We also recognize that, for Part 1 of the study, we compared fracture pattern on a continuum of BMI while in Part 2 of the study, we made the somewhat arbitrary grouping of those with a BMI <25 kg/m2 compared with those with a BMI of ≥25 kg/m2. This design was due to the relatively low number of patients (n = 50) in Part 2 of the study. We believe that a more ideal analysis of complications would be when outcomes are compared with BMI as a continuous variable. We do not believe there is any practical recommendation that can be given to a patient with a BMI of 24.9 kg/m2 (healthy weight) vs a patient with a BMI of 25.1 kg/m2 (overweight).

One of the strengths of this study was the evaluation of fracture patterns in comparison with BMI as a continuous variable, specifically, the finding that every 1-point increase in BMI can result in more complex DRFs (OR = 1.07). While counseling patients to lose weight to get to a specific BMI is helpful in setting goals, it may not be the most accurate way of describing disease characteristics or the risk of complications that exist with increasing weight.

More specific risk stratification has been sought in many areas of orthopedics. A 2016 article in the hip arthroplasty literature addressed this shortcoming in traditional reporting when they evaluated the “risk of complications and implant survival according to BMI as a continuous variable.”20 In that study, they used a BMI range of 27 to 32 kg/m2 as a reference because of the stable rate of implant revision or removal and were then able to identify “a 3% increased risk of implant revision or removal per unit of BMI for a BMI of >32 kg/m2 (HR, 1.03; p=0.002).” Such data will allow clinicians to provide more accurate assessment of risk to patients and may also be tied to reimbursement and/or insurance premiums.

In conclusion, we were unable to identify BMI as a risk factor for failing nonoperative treatment.
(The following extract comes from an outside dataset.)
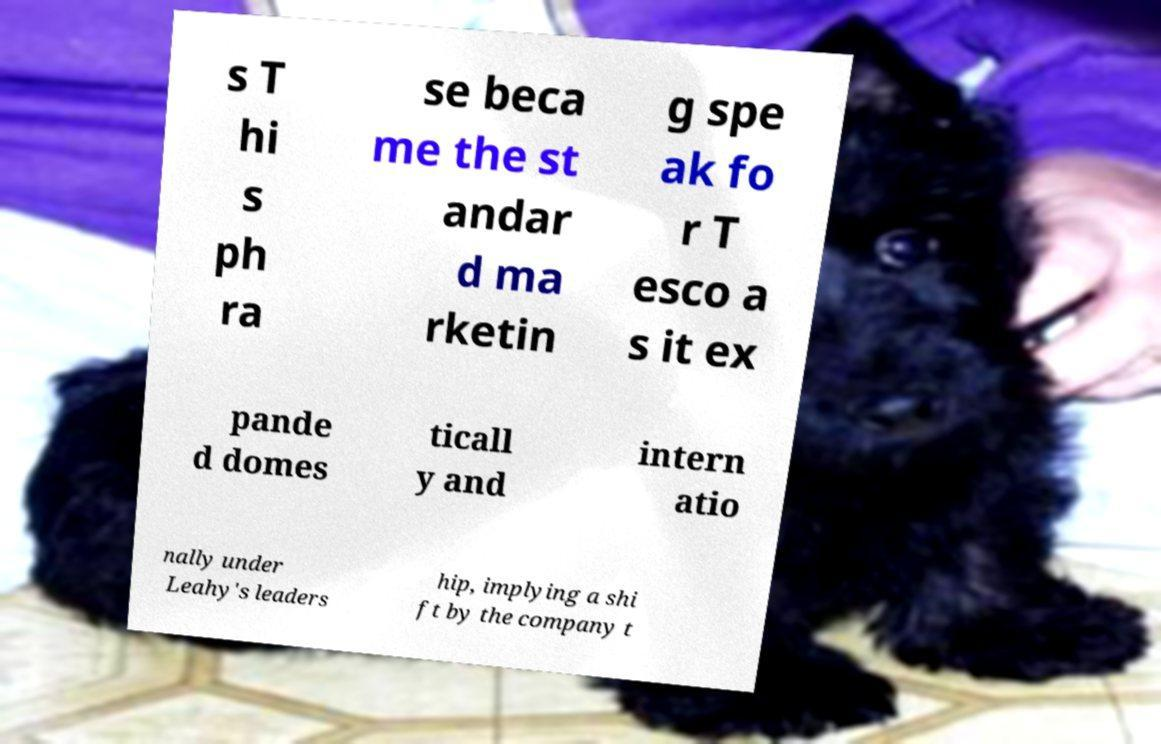Please read and relay the text visible in this image. What does it say? s T hi s ph ra se beca me the st andar d ma rketin g spe ak fo r T esco a s it ex pande d domes ticall y and intern atio nally under Leahy's leaders hip, implying a shi ft by the company t

Our data suggest that an increasing BMI may result in less perceived disability. Finally, while it may not change clinical practice, it is notable that increasing BMI does lead to more complex DRFs.

Footnotes

Ethical Approval: This study was approved by our institutional review board.

Statement of Human and Animal Rights: Institutional review board approval was received for this study.

Statement of Informed Consent: The requirement for informed consent was waived due to the retrospective nature of the study.

Declaration of Conflicting Interests: The author(s) declared no potential conflicts of interest with respect to the research, authorship, and/or publication of this article.

Funding: The author(s) received no financial support for the research, authorship, and/or publication of this article.